Ultimately, our statistics showed the same results between ASV and OTU data. Though the scripts proceed forward with ASV data, the OTU results can easily be obtained using the same commands and substituting in the OTU table (`otu-table-99.qza` or `otu-table-97.qza`) and OTU list (`otus-99.qza` or `otus-97.qza`) for the ASV table (`table.qza`) and ASV list (`rep-seqs.qza`).

## Align ASVs and construct tree
In this step I used MAFFT to align resulting ASVs and construct and then root a tree. This is all done in the one command provided below.

In the case where I was combining samples from multilpe sequencing runs an additional step was done prior to this to combine `rep-seqs.qza` and `table.qza` files from individual sequencing runs into a single combined `rep-seqs.qza` and `table.qza`.

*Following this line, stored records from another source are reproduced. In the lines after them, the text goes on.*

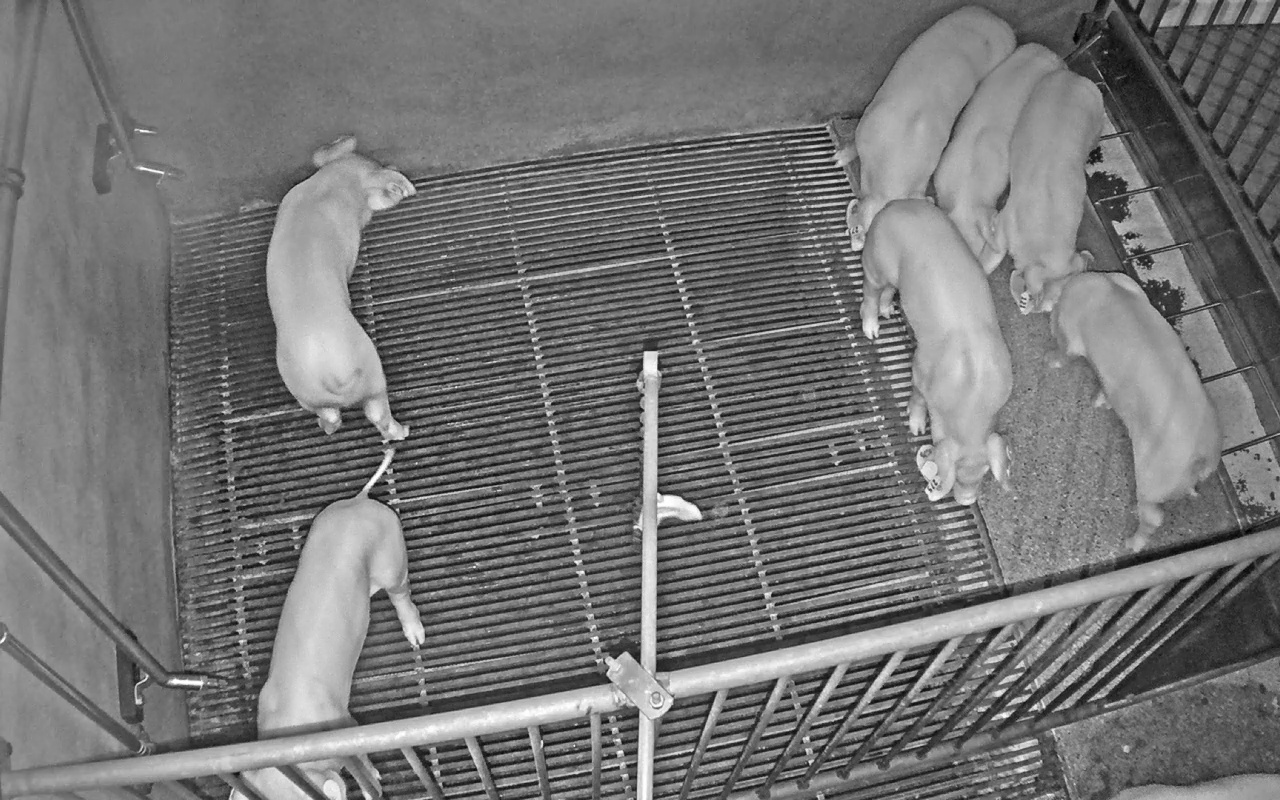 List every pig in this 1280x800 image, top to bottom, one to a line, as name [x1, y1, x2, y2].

pig [830, 4, 1019, 252]
pig [930, 44, 1072, 263]
pig [978, 69, 1103, 315]
pig [261, 133, 419, 445]
pig [861, 195, 1013, 508]
pig [1032, 269, 1222, 557]
pig [229, 448, 426, 799]
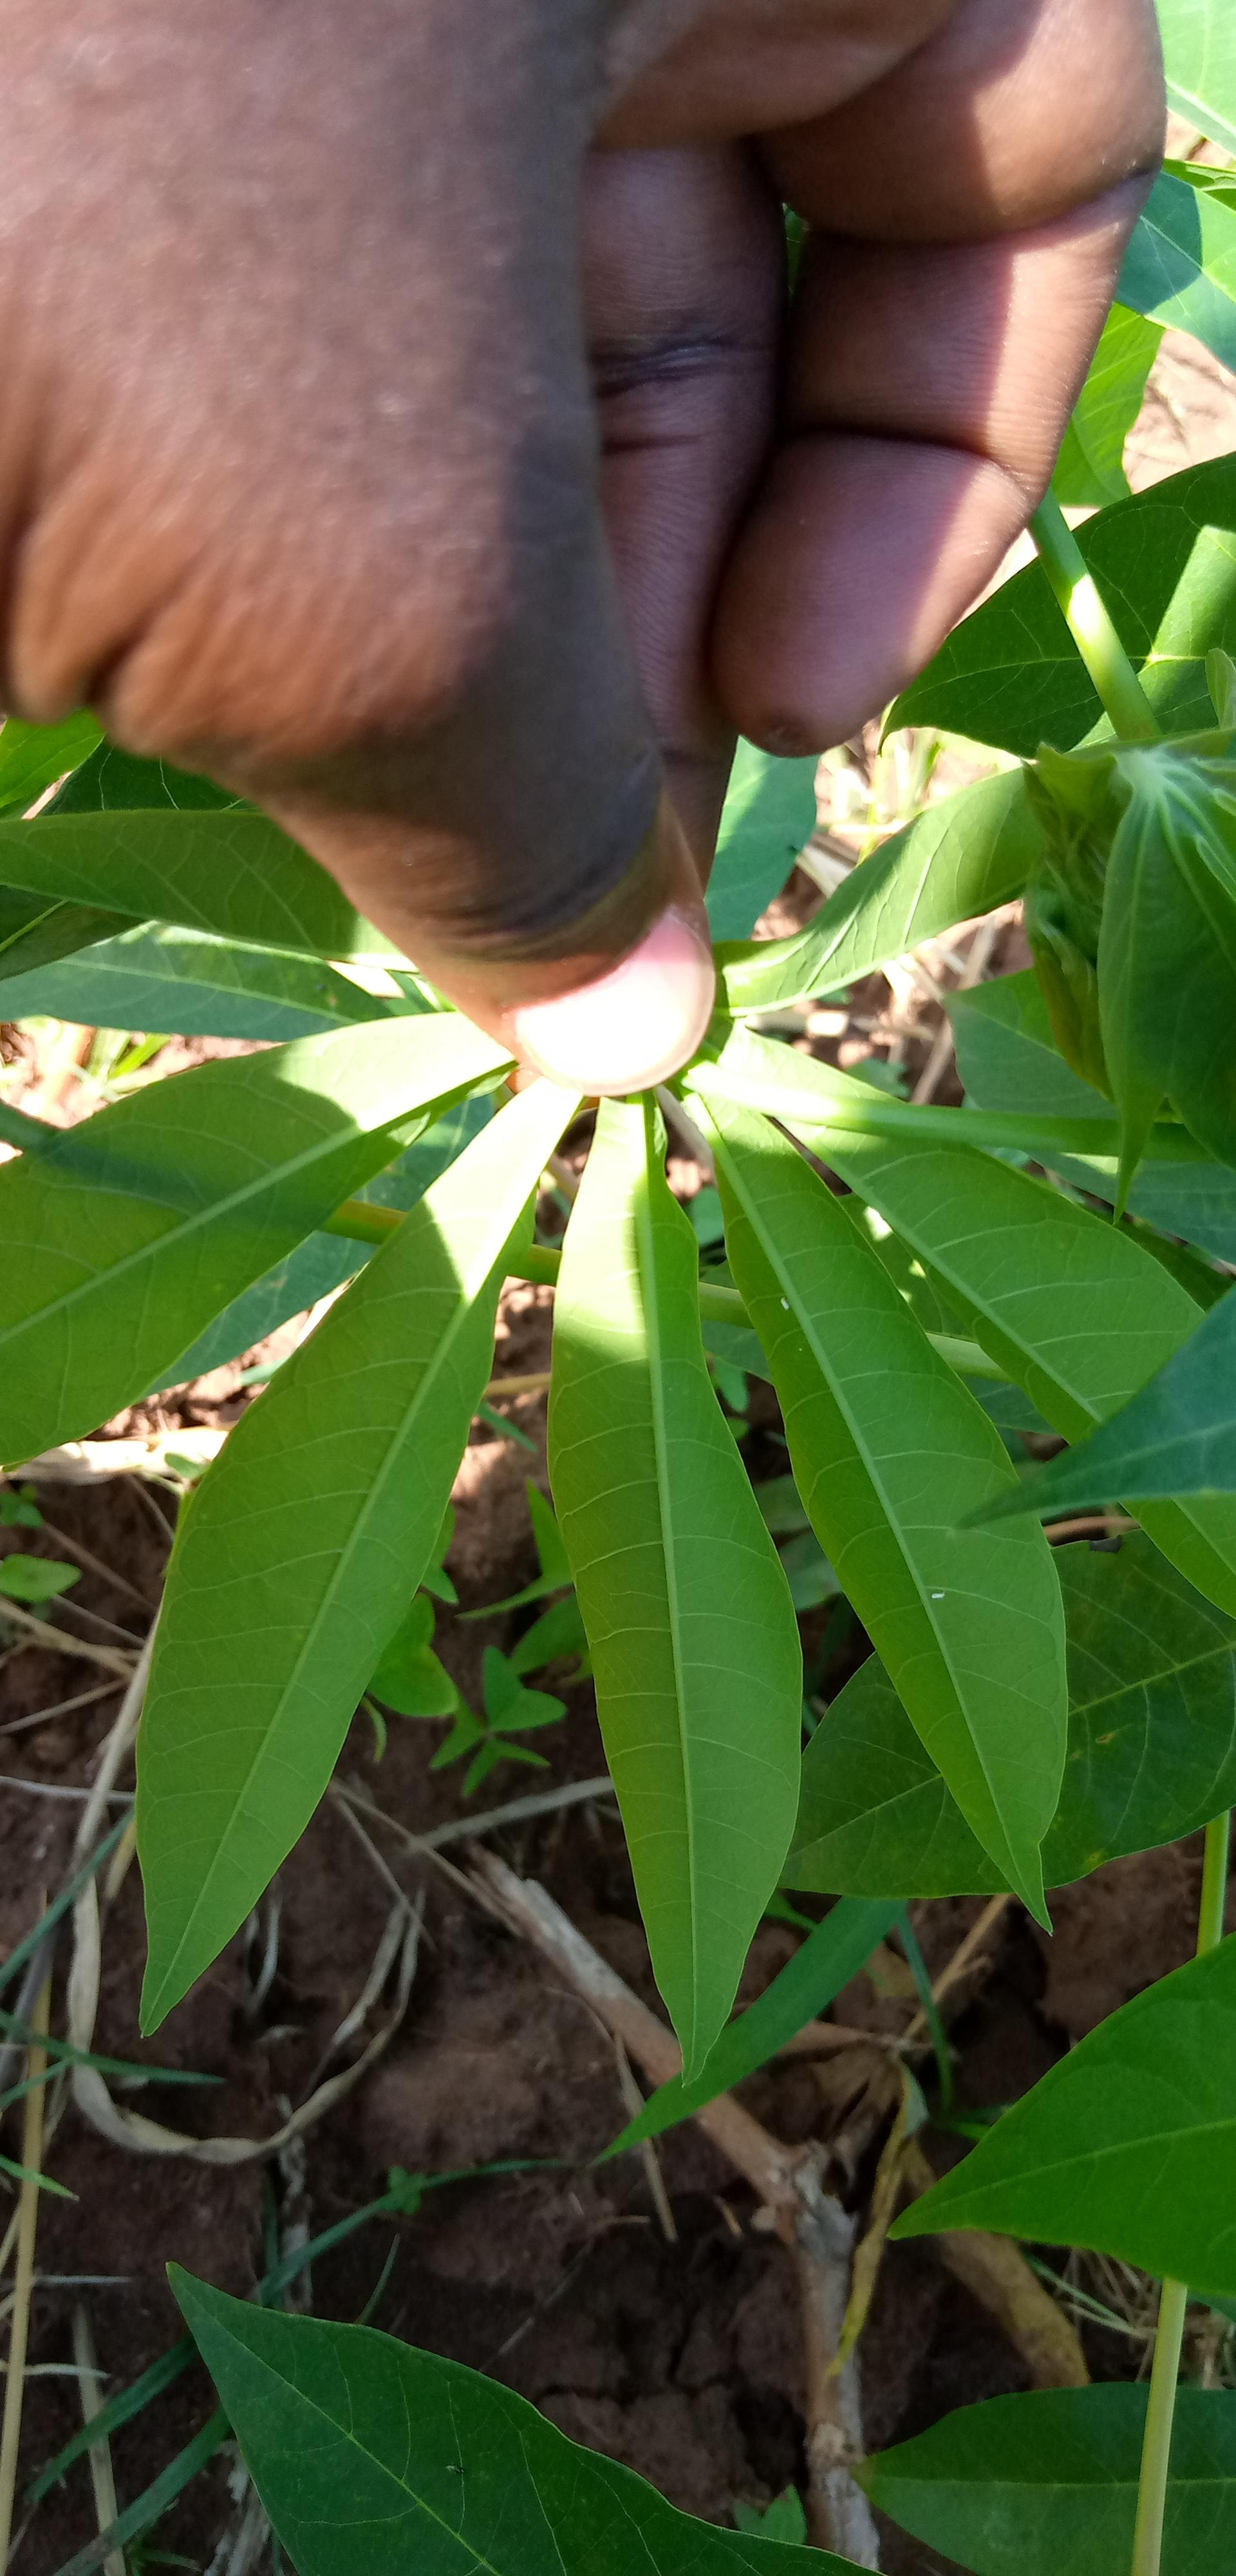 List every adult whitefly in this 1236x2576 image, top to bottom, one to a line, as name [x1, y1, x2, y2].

whitefly [775, 1285, 801, 1319]
whitefly [922, 1584, 952, 1610]

The output from this step will be used later for diversity statistics and other analyses.

In [None]:
qiime phylogeny align-to-tree-mafft-fasttree \
--i-sequences rep-seqs.qza \
--o-alignment aligned-rep-seqs.qza \
--o-masked-alignment masked-aligned-rep-seqs.qza \
--o-tree unrooted-tree.qza \
--o-rooted-tree rooted-tree.qza

## Building and training taxonomic classifier
The next step was to construct and train a feature classifier to my target region (18S V9) using a reference database. I used the Protist Ribosomal Reference (PR2) Database v4.12.0 (https://pr2-database.org/).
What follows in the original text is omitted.